The tops of the cottonwoods turned inward, blowing in a windless gale towards the dead fir.
Behind her, the
Shad-Mon pulled themselves through the forest by clawed hands and feet. The air whirled through her hair. Something had fallen, close. A branch, she hoped. Not a hand.
The cottonwoods leaned. Their tops were nearly touching.
Farther, she urged, pouring her will into the enchantment. The first branch touched the smooth bark. It strained—wrapping about the dead tree. More branches seized hold, pulling the trees into a forced embrace.
Now back to center! Towards the river, she commanded, releasing the trees back to where they wanted to be. They heaved, leaning all their weight back towards the river, pulling the dead tree with them.
Ahraia stumbled to the soft moss, exhausted. The fir leaned but didn’t break. It was too deeply rooted. The daemons were right behind her. The ground buckled at their weight.
At any moment, stony hands would lift her bodily into the air, and that would be it. She would know nothing but blood and teeth.
“Ahooo!”
She scrambled up, willed on by Losna, darting sideways as the daemon’s claw slammed to the ground. Losna’s calls were louder now.
“Ahooo!”
The daemons extended to their full height, driven mad by the noise. Both paused, looking towards the river, towards the sound of the howling.

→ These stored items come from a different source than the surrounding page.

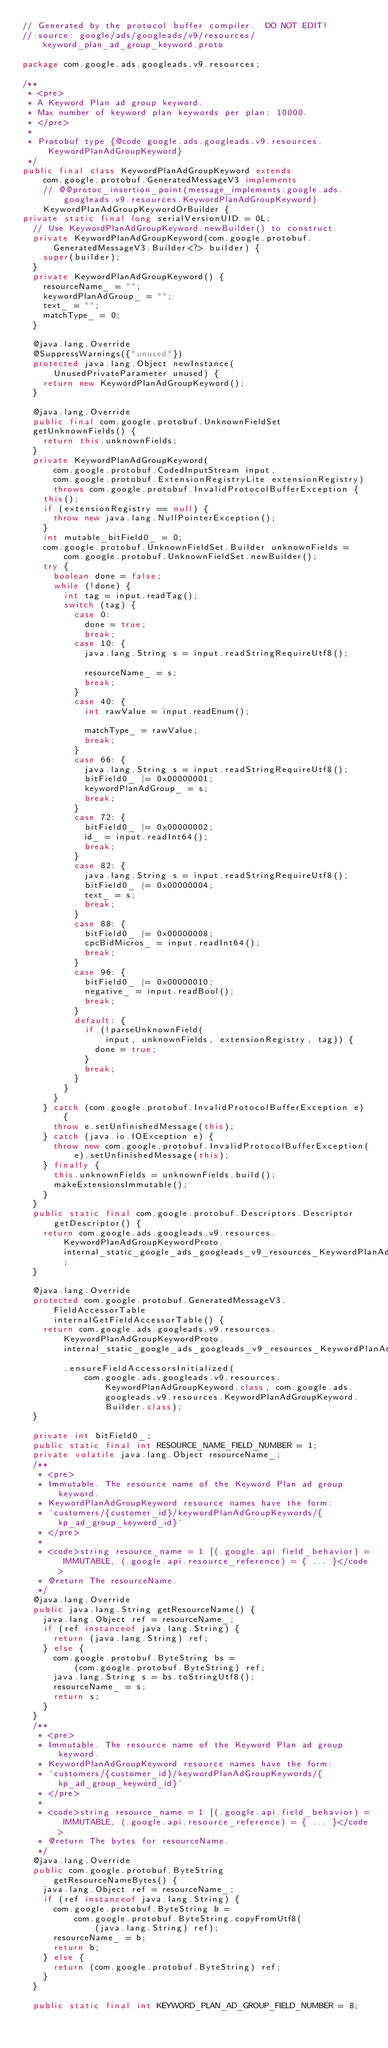Convert code to text. <code><loc_0><loc_0><loc_500><loc_500><_Java_>// Generated by the protocol buffer compiler.  DO NOT EDIT!
// source: google/ads/googleads/v9/resources/keyword_plan_ad_group_keyword.proto

package com.google.ads.googleads.v9.resources;

/**
 * <pre>
 * A Keyword Plan ad group keyword.
 * Max number of keyword plan keywords per plan: 10000.
 * </pre>
 *
 * Protobuf type {@code google.ads.googleads.v9.resources.KeywordPlanAdGroupKeyword}
 */
public final class KeywordPlanAdGroupKeyword extends
    com.google.protobuf.GeneratedMessageV3 implements
    // @@protoc_insertion_point(message_implements:google.ads.googleads.v9.resources.KeywordPlanAdGroupKeyword)
    KeywordPlanAdGroupKeywordOrBuilder {
private static final long serialVersionUID = 0L;
  // Use KeywordPlanAdGroupKeyword.newBuilder() to construct.
  private KeywordPlanAdGroupKeyword(com.google.protobuf.GeneratedMessageV3.Builder<?> builder) {
    super(builder);
  }
  private KeywordPlanAdGroupKeyword() {
    resourceName_ = "";
    keywordPlanAdGroup_ = "";
    text_ = "";
    matchType_ = 0;
  }

  @java.lang.Override
  @SuppressWarnings({"unused"})
  protected java.lang.Object newInstance(
      UnusedPrivateParameter unused) {
    return new KeywordPlanAdGroupKeyword();
  }

  @java.lang.Override
  public final com.google.protobuf.UnknownFieldSet
  getUnknownFields() {
    return this.unknownFields;
  }
  private KeywordPlanAdGroupKeyword(
      com.google.protobuf.CodedInputStream input,
      com.google.protobuf.ExtensionRegistryLite extensionRegistry)
      throws com.google.protobuf.InvalidProtocolBufferException {
    this();
    if (extensionRegistry == null) {
      throw new java.lang.NullPointerException();
    }
    int mutable_bitField0_ = 0;
    com.google.protobuf.UnknownFieldSet.Builder unknownFields =
        com.google.protobuf.UnknownFieldSet.newBuilder();
    try {
      boolean done = false;
      while (!done) {
        int tag = input.readTag();
        switch (tag) {
          case 0:
            done = true;
            break;
          case 10: {
            java.lang.String s = input.readStringRequireUtf8();

            resourceName_ = s;
            break;
          }
          case 40: {
            int rawValue = input.readEnum();

            matchType_ = rawValue;
            break;
          }
          case 66: {
            java.lang.String s = input.readStringRequireUtf8();
            bitField0_ |= 0x00000001;
            keywordPlanAdGroup_ = s;
            break;
          }
          case 72: {
            bitField0_ |= 0x00000002;
            id_ = input.readInt64();
            break;
          }
          case 82: {
            java.lang.String s = input.readStringRequireUtf8();
            bitField0_ |= 0x00000004;
            text_ = s;
            break;
          }
          case 88: {
            bitField0_ |= 0x00000008;
            cpcBidMicros_ = input.readInt64();
            break;
          }
          case 96: {
            bitField0_ |= 0x00000010;
            negative_ = input.readBool();
            break;
          }
          default: {
            if (!parseUnknownField(
                input, unknownFields, extensionRegistry, tag)) {
              done = true;
            }
            break;
          }
        }
      }
    } catch (com.google.protobuf.InvalidProtocolBufferException e) {
      throw e.setUnfinishedMessage(this);
    } catch (java.io.IOException e) {
      throw new com.google.protobuf.InvalidProtocolBufferException(
          e).setUnfinishedMessage(this);
    } finally {
      this.unknownFields = unknownFields.build();
      makeExtensionsImmutable();
    }
  }
  public static final com.google.protobuf.Descriptors.Descriptor
      getDescriptor() {
    return com.google.ads.googleads.v9.resources.KeywordPlanAdGroupKeywordProto.internal_static_google_ads_googleads_v9_resources_KeywordPlanAdGroupKeyword_descriptor;
  }

  @java.lang.Override
  protected com.google.protobuf.GeneratedMessageV3.FieldAccessorTable
      internalGetFieldAccessorTable() {
    return com.google.ads.googleads.v9.resources.KeywordPlanAdGroupKeywordProto.internal_static_google_ads_googleads_v9_resources_KeywordPlanAdGroupKeyword_fieldAccessorTable
        .ensureFieldAccessorsInitialized(
            com.google.ads.googleads.v9.resources.KeywordPlanAdGroupKeyword.class, com.google.ads.googleads.v9.resources.KeywordPlanAdGroupKeyword.Builder.class);
  }

  private int bitField0_;
  public static final int RESOURCE_NAME_FIELD_NUMBER = 1;
  private volatile java.lang.Object resourceName_;
  /**
   * <pre>
   * Immutable. The resource name of the Keyword Plan ad group keyword.
   * KeywordPlanAdGroupKeyword resource names have the form:
   * `customers/{customer_id}/keywordPlanAdGroupKeywords/{kp_ad_group_keyword_id}`
   * </pre>
   *
   * <code>string resource_name = 1 [(.google.api.field_behavior) = IMMUTABLE, (.google.api.resource_reference) = { ... }</code>
   * @return The resourceName.
   */
  @java.lang.Override
  public java.lang.String getResourceName() {
    java.lang.Object ref = resourceName_;
    if (ref instanceof java.lang.String) {
      return (java.lang.String) ref;
    } else {
      com.google.protobuf.ByteString bs = 
          (com.google.protobuf.ByteString) ref;
      java.lang.String s = bs.toStringUtf8();
      resourceName_ = s;
      return s;
    }
  }
  /**
   * <pre>
   * Immutable. The resource name of the Keyword Plan ad group keyword.
   * KeywordPlanAdGroupKeyword resource names have the form:
   * `customers/{customer_id}/keywordPlanAdGroupKeywords/{kp_ad_group_keyword_id}`
   * </pre>
   *
   * <code>string resource_name = 1 [(.google.api.field_behavior) = IMMUTABLE, (.google.api.resource_reference) = { ... }</code>
   * @return The bytes for resourceName.
   */
  @java.lang.Override
  public com.google.protobuf.ByteString
      getResourceNameBytes() {
    java.lang.Object ref = resourceName_;
    if (ref instanceof java.lang.String) {
      com.google.protobuf.ByteString b = 
          com.google.protobuf.ByteString.copyFromUtf8(
              (java.lang.String) ref);
      resourceName_ = b;
      return b;
    } else {
      return (com.google.protobuf.ByteString) ref;
    }
  }

  public static final int KEYWORD_PLAN_AD_GROUP_FIELD_NUMBER = 8;</code>

Ahraia used the distraction to gather her strength. She made for the dead tree. She could see frothing water through the forest. She reached out and bonded a third tree. It was smaller, but it leaned in eagerly and grabbed the dead fir, joining the other two in their task. Together they pulled, branches straining, trunks leaning.
“Farther!” she screamed.
A massive whine filled the air and the dead tree tipped as its roots began to give way. A slow groan reverberated from the deep, then grew, crackling through the earth.
Snap!
The roots ripped away.
Rock and dirt and debris spit violently into the air. Ahraia covered her face as she ran, the light spinning all about her. The dead tree tottered and then fell. Roots emerged from the ground, rising upward.